### Aim of the exercise
Return the data below, unchanged.

### Data for the task
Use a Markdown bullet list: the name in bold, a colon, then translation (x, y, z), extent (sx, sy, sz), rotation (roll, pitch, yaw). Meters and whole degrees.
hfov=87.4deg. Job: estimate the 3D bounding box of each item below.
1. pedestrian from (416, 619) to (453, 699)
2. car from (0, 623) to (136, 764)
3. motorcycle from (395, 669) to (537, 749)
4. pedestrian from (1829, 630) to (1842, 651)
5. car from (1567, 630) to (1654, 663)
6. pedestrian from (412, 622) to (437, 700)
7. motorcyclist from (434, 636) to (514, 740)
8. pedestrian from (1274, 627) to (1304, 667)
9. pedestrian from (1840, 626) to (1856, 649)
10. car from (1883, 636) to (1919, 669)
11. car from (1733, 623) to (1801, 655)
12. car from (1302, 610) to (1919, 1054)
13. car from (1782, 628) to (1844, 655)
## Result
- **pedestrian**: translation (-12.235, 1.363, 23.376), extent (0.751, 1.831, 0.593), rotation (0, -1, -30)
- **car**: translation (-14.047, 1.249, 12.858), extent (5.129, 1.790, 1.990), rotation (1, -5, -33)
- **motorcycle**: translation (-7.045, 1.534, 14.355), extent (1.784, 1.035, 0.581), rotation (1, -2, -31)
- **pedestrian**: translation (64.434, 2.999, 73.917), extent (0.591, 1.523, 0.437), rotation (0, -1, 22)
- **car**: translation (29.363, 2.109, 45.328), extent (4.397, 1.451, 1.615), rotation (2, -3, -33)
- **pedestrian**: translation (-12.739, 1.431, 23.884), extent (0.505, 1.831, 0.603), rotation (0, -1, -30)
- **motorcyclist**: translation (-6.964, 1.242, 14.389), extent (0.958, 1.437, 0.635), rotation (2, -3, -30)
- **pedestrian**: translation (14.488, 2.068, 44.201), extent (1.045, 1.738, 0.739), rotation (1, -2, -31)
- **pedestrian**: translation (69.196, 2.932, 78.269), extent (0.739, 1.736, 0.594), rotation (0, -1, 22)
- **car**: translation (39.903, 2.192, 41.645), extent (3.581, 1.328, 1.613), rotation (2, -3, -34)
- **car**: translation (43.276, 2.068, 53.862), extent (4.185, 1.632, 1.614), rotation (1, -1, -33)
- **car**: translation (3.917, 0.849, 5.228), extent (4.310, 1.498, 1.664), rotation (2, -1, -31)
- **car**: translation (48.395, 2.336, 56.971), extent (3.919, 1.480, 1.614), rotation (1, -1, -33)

### Response for this exercise
Use a Markdown bullet list: the name in bold, a colon, then translation (x, y, z), extent (sx, sy, sz), rotation (roll, pitch, yaw). Meters and whole degrees.
hfov=87.4deg. Job: estimate the 3D bounding box of each item below.
1. pedestrian from (416, 619) to (453, 699)
2. car from (0, 623) to (136, 764)
3. motorcycle from (395, 669) to (537, 749)
4. pedestrian from (1829, 630) to (1842, 651)
5. car from (1567, 630) to (1654, 663)
6. pedestrian from (412, 622) to (437, 700)
7. motorcyclist from (434, 636) to (514, 740)
8. pedestrian from (1274, 627) to (1304, 667)
9. pedestrian from (1840, 626) to (1856, 649)
10. car from (1883, 636) to (1919, 669)
11. car from (1733, 623) to (1801, 655)
12. car from (1302, 610) to (1919, 1054)
13. car from (1782, 628) to (1844, 655)
## Result
- **pedestrian**: translation (-12.235, 1.363, 23.376), extent (0.751, 1.831, 0.593), rotation (0, -1, -30)
- **car**: translation (-14.047, 1.249, 12.858), extent (5.129, 1.790, 1.990), rotation (1, -5, -33)
- **motorcycle**: translation (-7.045, 1.534, 14.355), extent (1.784, 1.035, 0.581), rotation (1, -2, -31)
- **pedestrian**: translation (64.434, 2.999, 73.917), extent (0.591, 1.523, 0.437), rotation (0, -1, 22)
- **car**: translation (29.363, 2.109, 45.328), extent (4.397, 1.451, 1.615), rotation (2, -3, -33)
- **pedestrian**: translation (-12.739, 1.431, 23.884), extent (0.505, 1.831, 0.603), rotation (0, -1, -30)
- **motorcyclist**: translation (-6.964, 1.242, 14.389), extent (0.958, 1.437, 0.635), rotation (2, -3, -30)
- **pedestrian**: translation (14.488, 2.068, 44.201), extent (1.045, 1.738, 0.739), rotation (1, -2, -31)
- **pedestrian**: translation (69.196, 2.932, 78.269), extent (0.739, 1.736, 0.594), rotation (0, -1, 22)
- **car**: translation (39.903, 2.192, 41.645), extent (3.581, 1.328, 1.613), rotation (2, -3, -34)
- **car**: translation (43.276, 2.068, 53.862), extent (4.185, 1.632, 1.614), rotation (1, -1, -33)
- **car**: translation (3.917, 0.849, 5.228), extent (4.310, 1.498, 1.664), rotation (2, -1, -31)
- **car**: translation (48.395, 2.336, 56.971), extent (3.919, 1.480, 1.614), rotation (1, -1, -33)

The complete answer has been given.